=== ENTRIES SHOWN ===

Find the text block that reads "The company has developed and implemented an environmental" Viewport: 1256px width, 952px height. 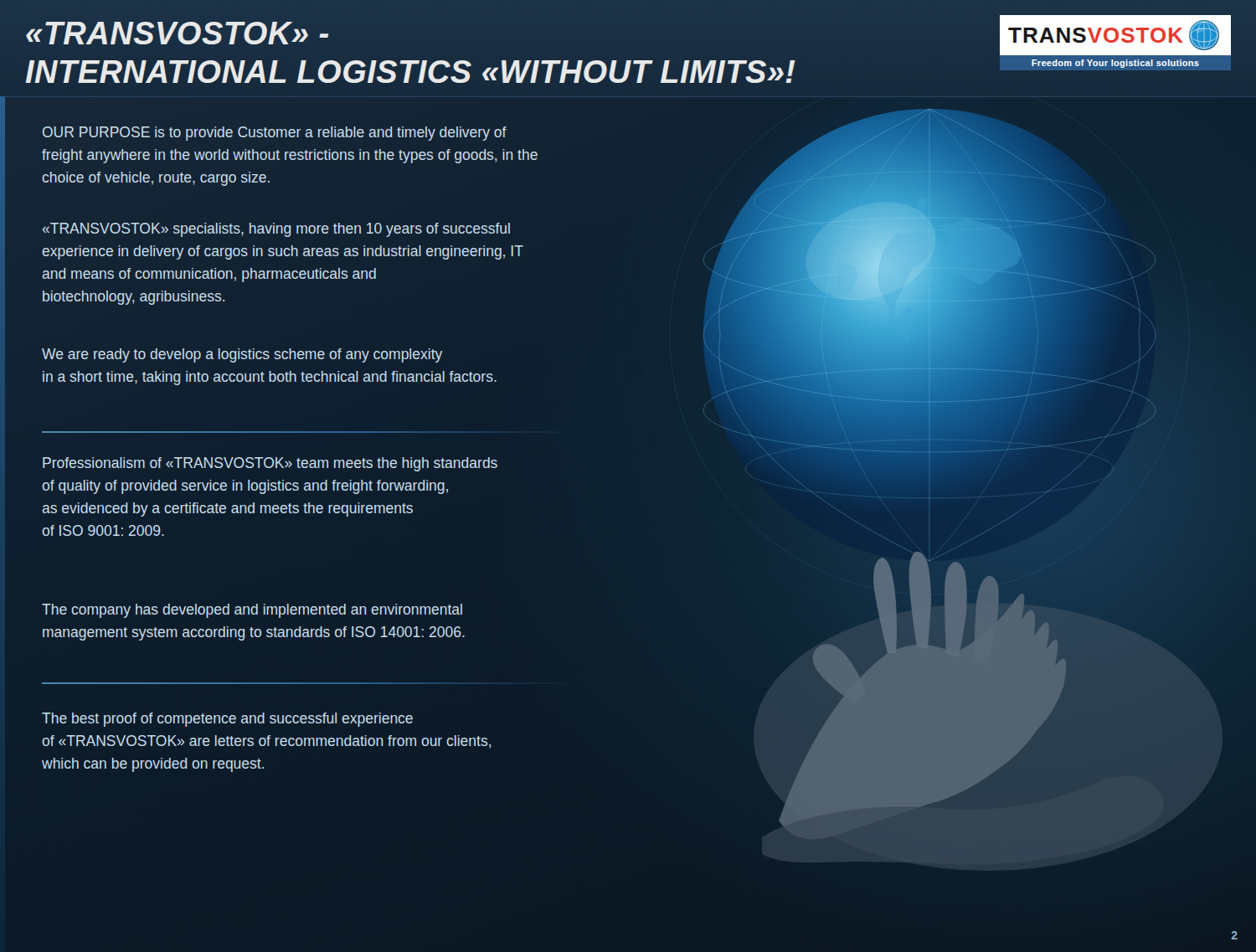click(254, 621)
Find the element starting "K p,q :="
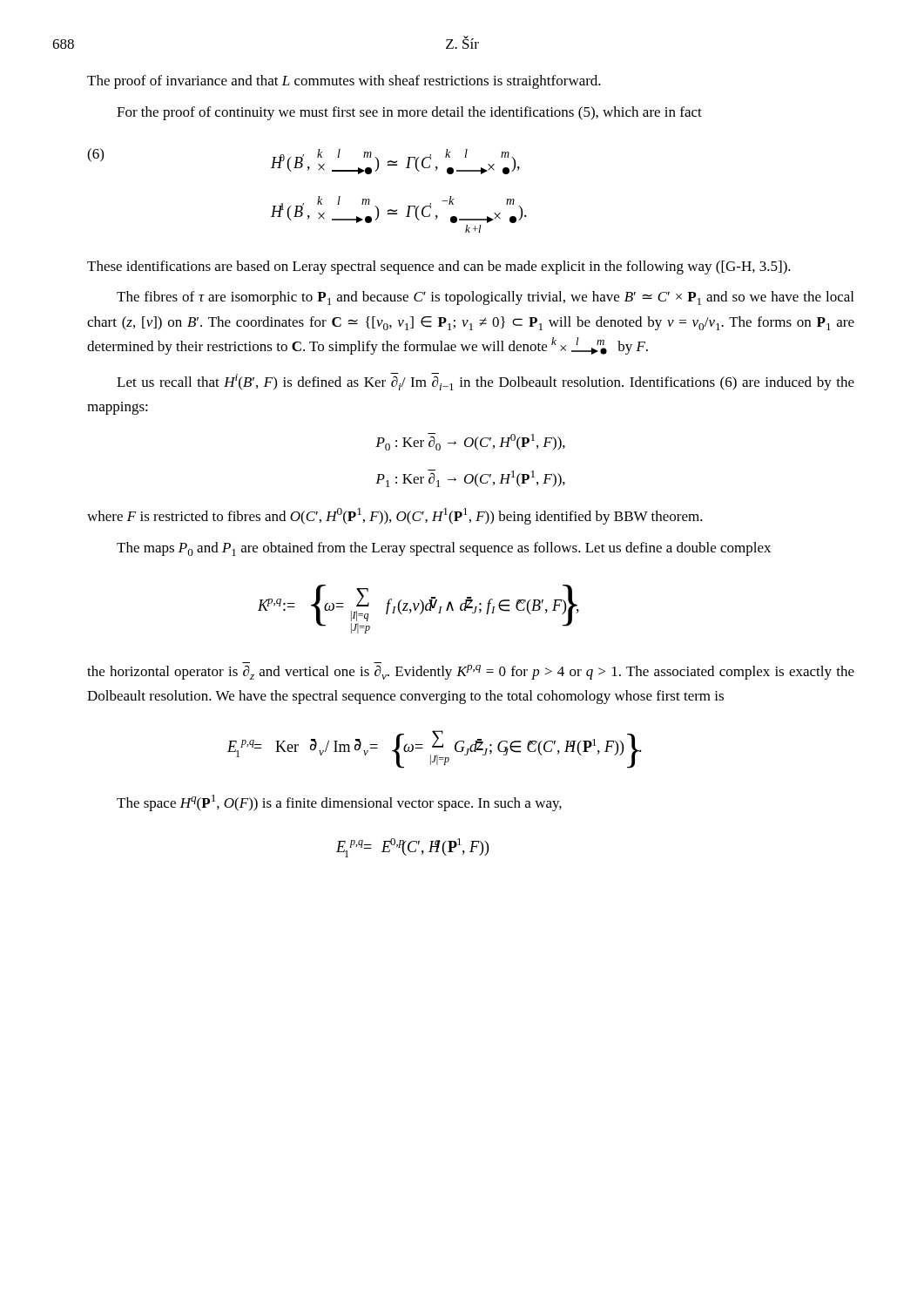The width and height of the screenshot is (924, 1307). click(x=471, y=606)
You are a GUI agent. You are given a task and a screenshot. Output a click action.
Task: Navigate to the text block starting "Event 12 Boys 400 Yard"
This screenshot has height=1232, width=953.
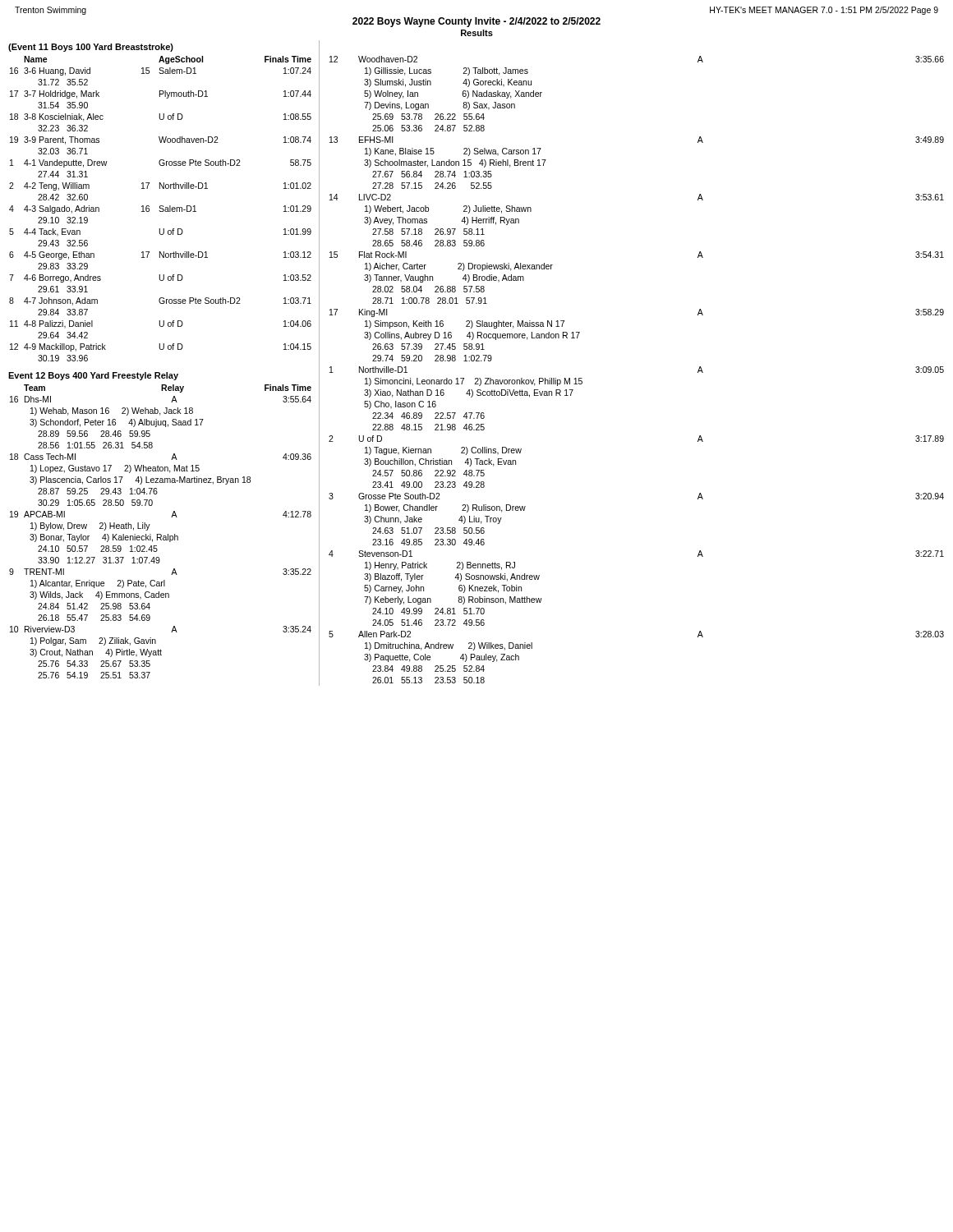93,375
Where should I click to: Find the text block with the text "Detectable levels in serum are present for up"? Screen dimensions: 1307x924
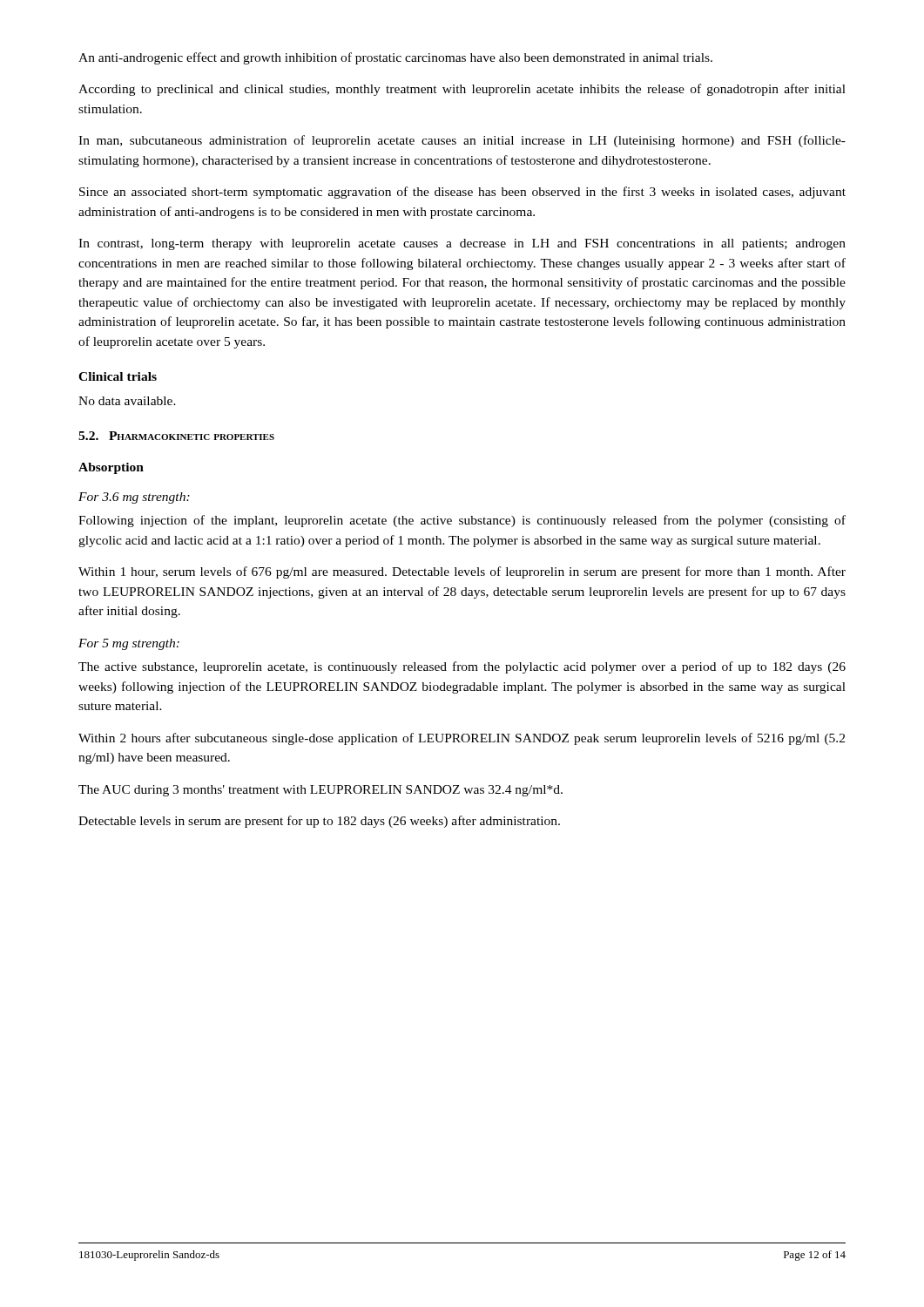pyautogui.click(x=462, y=821)
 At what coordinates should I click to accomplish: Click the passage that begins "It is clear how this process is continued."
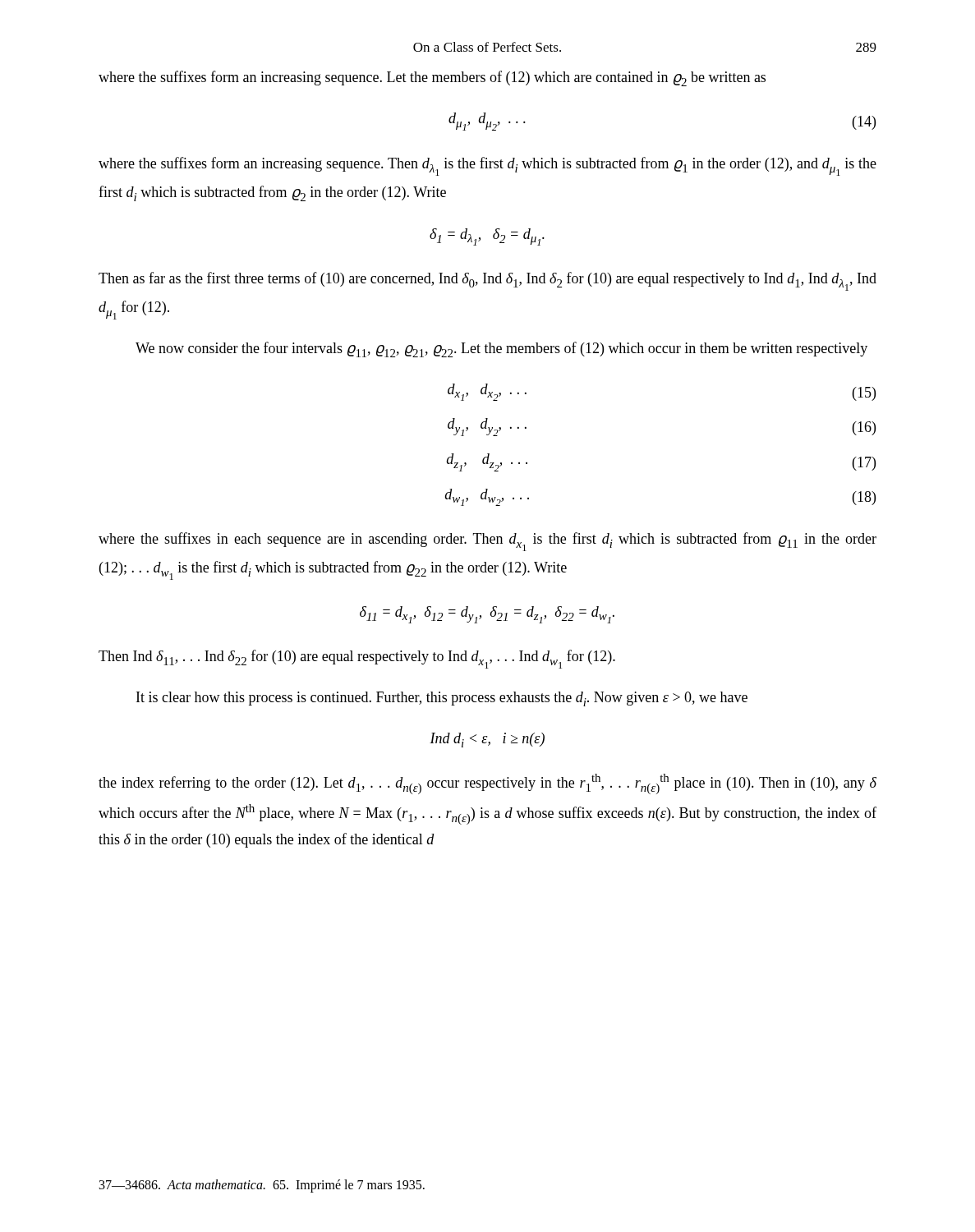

===

PROBLEM TO WORK ON »
Your job is to restate, word for word, only the lines from the one holding "You are a GUI" through the end of the material; pictures stay out.

ANSWER BELOW »
You are a GUI agent. You are given a task and a screenshot. Output a click action.
Task: Navigate to the text block starting "Event 12 Boys 400 Yard"
This screenshot has height=1232, width=953.
93,375
Where should I click to: Find the text block with the text "Detectable levels in serum are present for up"? Screen dimensions: 1307x924
pyautogui.click(x=462, y=821)
 At what coordinates should I click to accomplish: Click the passage that begins "It is clear how this process is continued."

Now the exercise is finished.